* **LISTED RECORDS**:
......
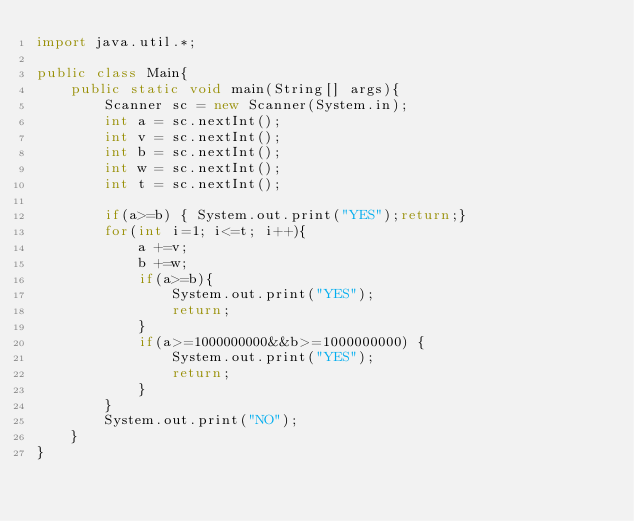Convert code to text. <code><loc_0><loc_0><loc_500><loc_500><_Java_>import java.util.*;

public class Main{
    public static void main(String[] args){
        Scanner sc = new Scanner(System.in);
        int a = sc.nextInt();
        int v = sc.nextInt();
        int b = sc.nextInt();
        int w = sc.nextInt();
        int t = sc.nextInt();

        if(a>=b) { System.out.print("YES");return;}
        for(int i=1; i<=t; i++){
            a +=v;
            b +=w;
            if(a>=b){
                System.out.print("YES");
                return;
            }
            if(a>=1000000000&&b>=1000000000) {
                System.out.print("YES");
                return;
            }
        }
        System.out.print("NO");
    }
}</code> 
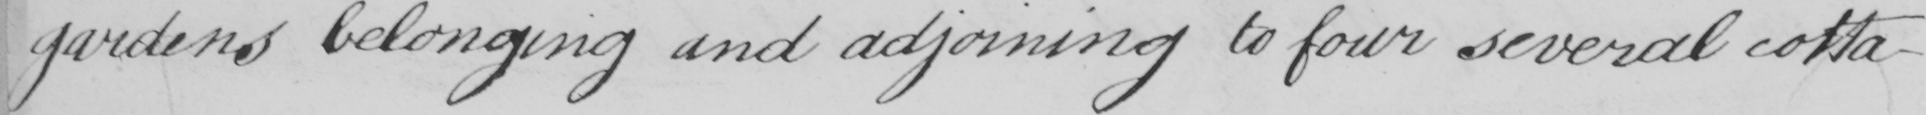Transcribe the text shown in this historical manuscript line. gardens belonging and adjoining to four several cotta- 
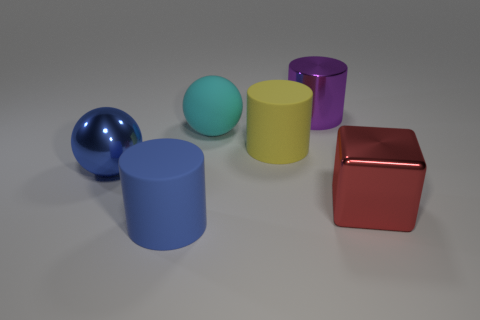What size is the rubber sphere on the left side of the red metallic cube to the right of the big cyan ball?
Your response must be concise. Large. Are there more yellow rubber blocks than big red shiny cubes?
Ensure brevity in your answer.  No. Is the number of blue rubber things behind the large cyan matte sphere greater than the number of big matte cylinders that are in front of the yellow matte object?
Your answer should be compact. No. How big is the cylinder that is both behind the blue shiny sphere and in front of the purple shiny object?
Keep it short and to the point. Large. How many other cylinders are the same size as the purple cylinder?
Your answer should be very brief. 2. What is the material of the large cylinder that is the same color as the large shiny ball?
Keep it short and to the point. Rubber. There is a metal object that is behind the blue metal object; is it the same shape as the big yellow thing?
Your response must be concise. Yes. Are there fewer cyan objects that are left of the matte sphere than red objects?
Your answer should be very brief. Yes. Are there any big matte cylinders that have the same color as the cube?
Ensure brevity in your answer.  No. Do the red thing and the large blue object in front of the blue metallic object have the same shape?
Provide a short and direct response. No. 
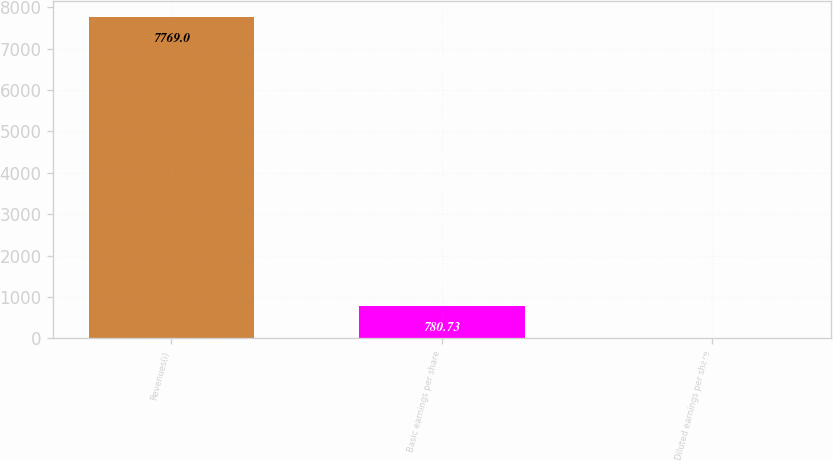Convert chart to OTSL. <chart><loc_0><loc_0><loc_500><loc_500><bar_chart><fcel>Revenues(i)<fcel>Basic earnings per share<fcel>Diluted earnings per share<nl><fcel>7769<fcel>780.73<fcel>4.25<nl></chart> 
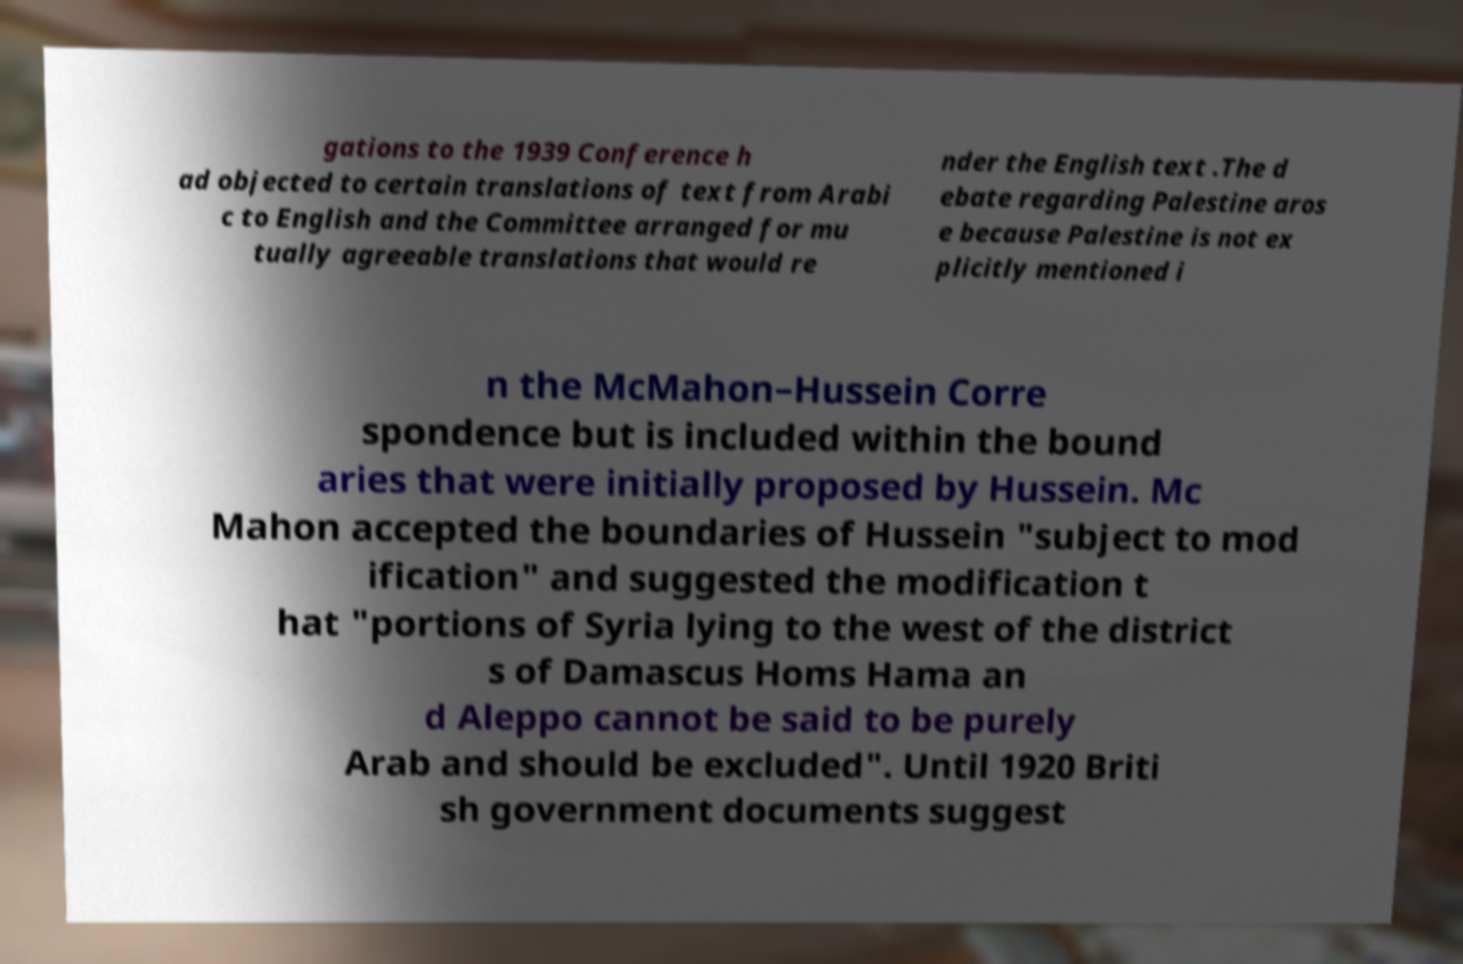Can you accurately transcribe the text from the provided image for me? gations to the 1939 Conference h ad objected to certain translations of text from Arabi c to English and the Committee arranged for mu tually agreeable translations that would re nder the English text .The d ebate regarding Palestine aros e because Palestine is not ex plicitly mentioned i n the McMahon–Hussein Corre spondence but is included within the bound aries that were initially proposed by Hussein. Mc Mahon accepted the boundaries of Hussein "subject to mod ification" and suggested the modification t hat "portions of Syria lying to the west of the district s of Damascus Homs Hama an d Aleppo cannot be said to be purely Arab and should be excluded". Until 1920 Briti sh government documents suggest 
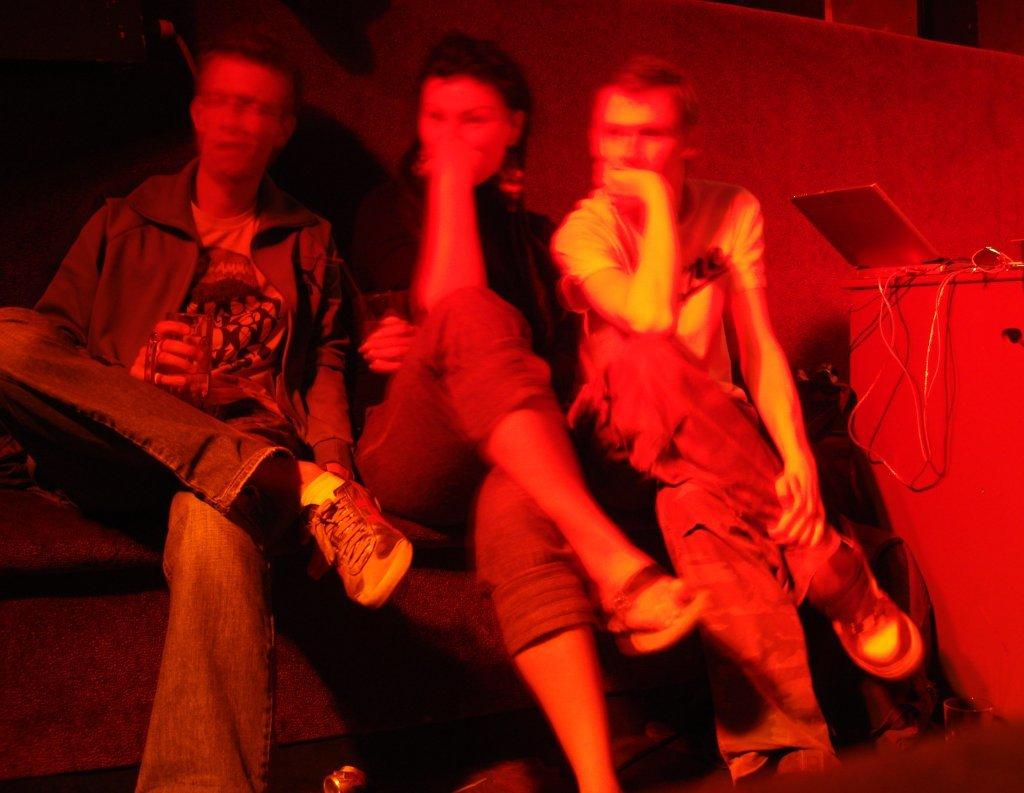How many people are sitting in the image? There are three people sitting in the image. Can you describe the objects on the table in the image? There is a laptop on the right side of the table in the image. What type of mine can be seen in the image? There is no mine present in the image. What is the glue used for in the image? There is no glue present in the image. 
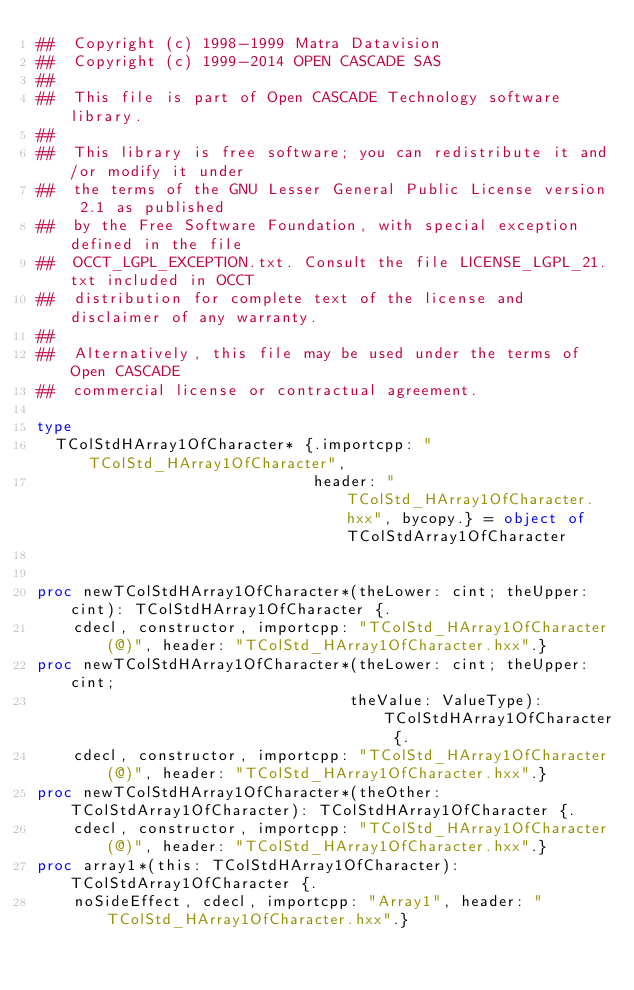Convert code to text. <code><loc_0><loc_0><loc_500><loc_500><_Nim_>##  Copyright (c) 1998-1999 Matra Datavision
##  Copyright (c) 1999-2014 OPEN CASCADE SAS
##
##  This file is part of Open CASCADE Technology software library.
##
##  This library is free software; you can redistribute it and/or modify it under
##  the terms of the GNU Lesser General Public License version 2.1 as published
##  by the Free Software Foundation, with special exception defined in the file
##  OCCT_LGPL_EXCEPTION.txt. Consult the file LICENSE_LGPL_21.txt included in OCCT
##  distribution for complete text of the license and disclaimer of any warranty.
##
##  Alternatively, this file may be used under the terms of Open CASCADE
##  commercial license or contractual agreement.

type
  TColStdHArray1OfCharacter* {.importcpp: "TColStd_HArray1OfCharacter",
                              header: "TColStd_HArray1OfCharacter.hxx", bycopy.} = object of TColStdArray1OfCharacter


proc newTColStdHArray1OfCharacter*(theLower: cint; theUpper: cint): TColStdHArray1OfCharacter {.
    cdecl, constructor, importcpp: "TColStd_HArray1OfCharacter(@)", header: "TColStd_HArray1OfCharacter.hxx".}
proc newTColStdHArray1OfCharacter*(theLower: cint; theUpper: cint;
                                  theValue: ValueType): TColStdHArray1OfCharacter {.
    cdecl, constructor, importcpp: "TColStd_HArray1OfCharacter(@)", header: "TColStd_HArray1OfCharacter.hxx".}
proc newTColStdHArray1OfCharacter*(theOther: TColStdArray1OfCharacter): TColStdHArray1OfCharacter {.
    cdecl, constructor, importcpp: "TColStd_HArray1OfCharacter(@)", header: "TColStd_HArray1OfCharacter.hxx".}
proc array1*(this: TColStdHArray1OfCharacter): TColStdArray1OfCharacter {.
    noSideEffect, cdecl, importcpp: "Array1", header: "TColStd_HArray1OfCharacter.hxx".}</code> 
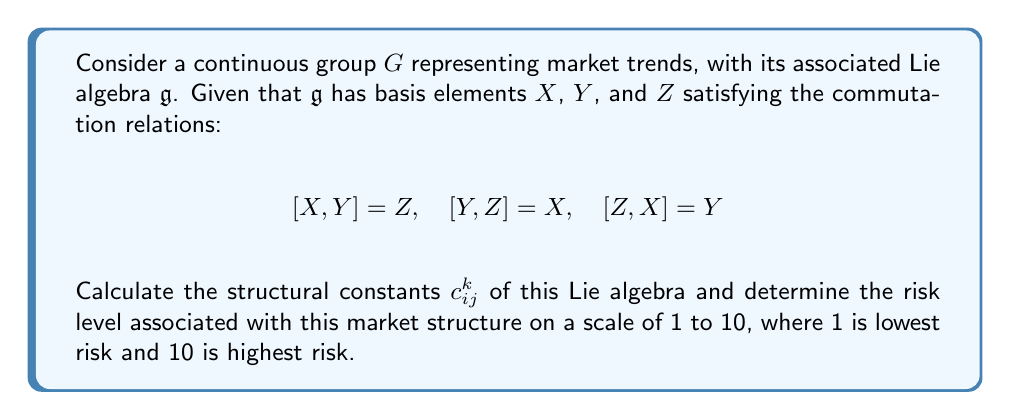Solve this math problem. 1) First, let's recall the definition of structural constants. For a Lie algebra with basis elements $e_i$, the structural constants $c_{ij}^k$ are defined by:

   $$[e_i, e_j] = \sum_k c_{ij}^k e_k$$

2) In our case, we have:
   
   $[X,Y] = Z$ implies $c_{12}^3 = 1, c_{21}^3 = -1$
   $[Y,Z] = X$ implies $c_{23}^1 = 1, c_{32}^1 = -1$
   $[Z,X] = Y$ implies $c_{31}^2 = 1, c_{13}^2 = -1$

   All other $c_{ij}^k = 0$

3) This Lie algebra structure is actually isomorphic to $\mathfrak{so}(3)$, the Lie algebra of the special orthogonal group $SO(3)$.

4) $SO(3)$ represents rotations in 3D space, which in the context of investments, can be interpreted as cyclic or periodic market behaviors.

5) The non-zero structural constants indicate strong interactions between different market factors, suggesting a complex and potentially volatile market structure.

6) However, the symmetry and regularity in the commutation relations also suggest a certain level of predictability in long-term trends.

7) Considering these factors, we can assign a risk level of 7 out of 10. This reflects the complexity and potential volatility (increasing risk), balanced by the underlying structure and potential for long-term predictability (decreasing risk).
Answer: $c_{12}^3 = c_{23}^1 = c_{31}^2 = 1$, $c_{21}^3 = c_{32}^1 = c_{13}^2 = -1$, all others $0$; Risk level: 7/10
......
* **WORK REQUEST**:
Working from the entries above, return all lines that contain "file".

* **EXERCISE RESPONSE**:
##  This file is part of Open CASCADE Technology software library.
##  by the Free Software Foundation, with special exception defined in the file
##  OCCT_LGPL_EXCEPTION.txt. Consult the file LICENSE_LGPL_21.txt included in OCCT
##  Alternatively, this file may be used under the terms of Open CASCADE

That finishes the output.